Direct resolution of the evaluation mismatch—shifting the evaluation target from \(\mathcal{X}_{kin}\) to \(\mathcal{X}_{phys}\), and computing all metrics (including text alignment) after WBC execution, ensuring that "what is optimized is exactly what is deployed".
Replacing weighted sum with dominance rules (Pareto dominance) to aggregate multidimensional rewards—avoiding sensitive hyperparameter tuning, maintaining simplicity and robustness. The limitation is the potential scarcity of valid preference pairs, though \(K=12\) candidates proved sufficient in experiments.
Iterative DPO for refreshing preference data—resampling after each round of updates avoids the issue in offline DPO where preference data mismatches the current model distribution.

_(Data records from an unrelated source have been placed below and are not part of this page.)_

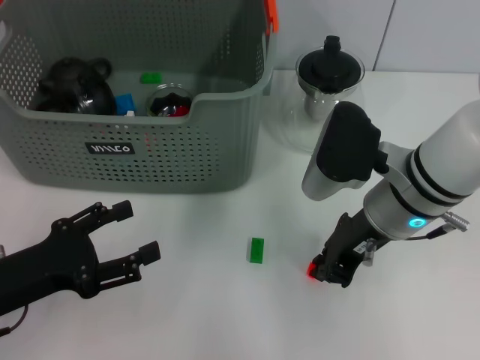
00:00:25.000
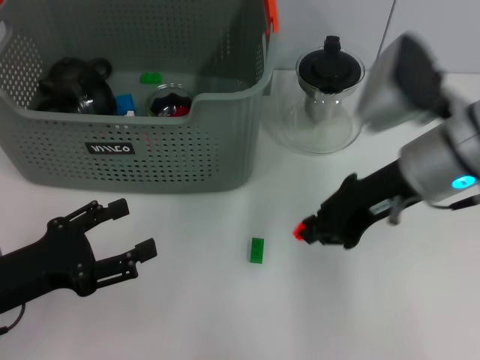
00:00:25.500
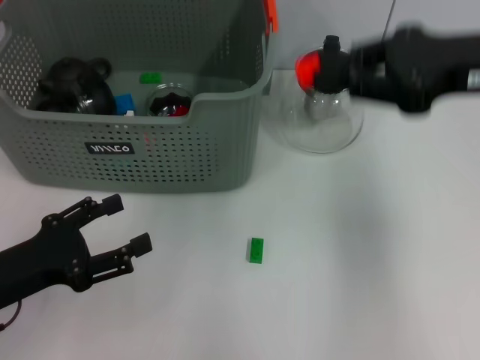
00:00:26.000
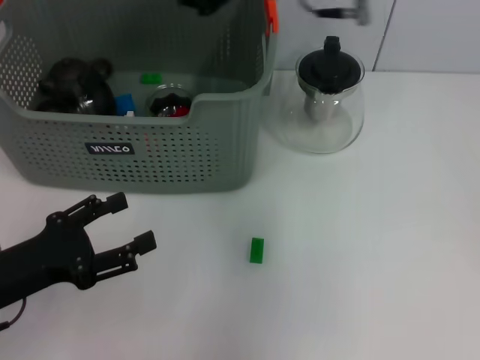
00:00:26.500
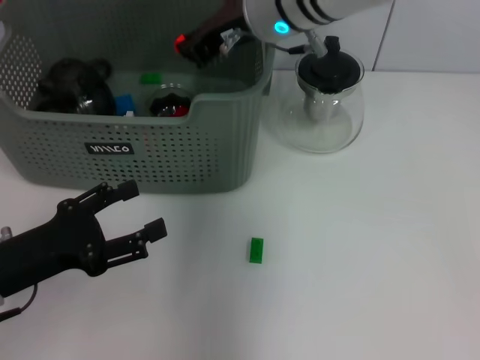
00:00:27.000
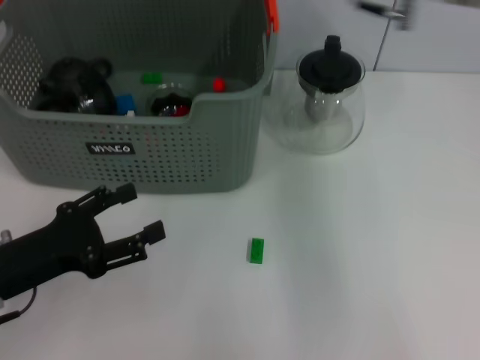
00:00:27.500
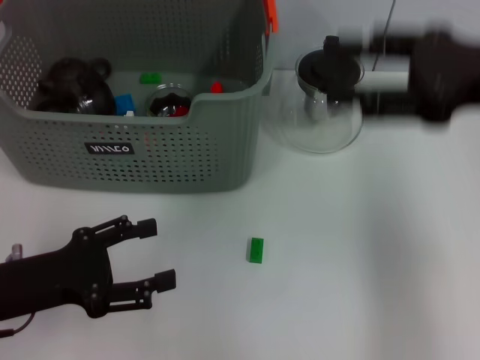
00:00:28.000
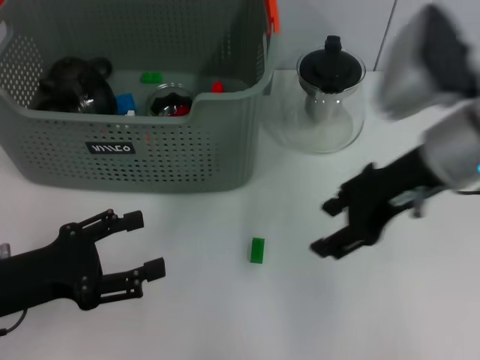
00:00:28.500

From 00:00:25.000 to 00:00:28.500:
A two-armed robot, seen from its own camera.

Limitations & Future Work¶

High computational cost of WBC simulation—sampling 12 candidates per training prompt and simulating each of them separately multiplies the training time.
Zero-shot deployment has only been validated on the Unitree G1; whether it generalizes to other robot morphologies (bipedal, quadrupedal, or humanoids of different scales) remains to be verified.
The generative diversity of the diffusion model might shrink due to DPO fine-tuning (risk of mode collapse in DPO).
Although the dominance rule for preference construction avoids reward weight tuning, it can lead to an insufficient number of available preference pairs when no candidate among the \(K\) samples dominates another across all rewards.

vs ReinDiffuse/HY-Motion: These methods employ RL with hand-crafted floating/sliding rewards + PPO/GRPO, whereas PhysMoDPO uses the WBC simulator as the reward source + DPO. The core difference lies in the source of reward signals—manual heuristics struggle to cover complex physical dynamics like center-of-mass anomalies, while WBC simulation provides comprehensive coverage.
vs PhysPT/Zhang et al.: These are test-time optimization/projection methods, whereas PhysMoDPO solves the issue during training, incurring zero overhead during inference. Furthermore, projection methods might shift the output distribution and impair task performance.
vs Morph: Morph refines datasets using physical models and then trains the generator, but noisy motions can adversely impact the physical model. In contrast, the WBC in PhysMoDPO is read-only (frozen parameters) and remains unaffected by the quality of the generator.
Shared philosophy with SceneAssistant: both utilize non-differentiable external systems (rendering engines/physical simulators) as feedback signal sources to improve the generator.

Rating¶

Novelty: ⭐⭐⭐⭐⭐ The combination of WBC and DPO is highly innovative.
Experimental Thoroughness: ⭐⭐⭐⭐⭐ Highly thorough, including simulation, real hardware, and ablation studies.
Writing Quality: ⭐⭐⭐⭐⭐ Clear motivation and detailed methodology.
Value: ⭐⭐⭐⭐⭐ Possesses significant value for both motion generation and robot control.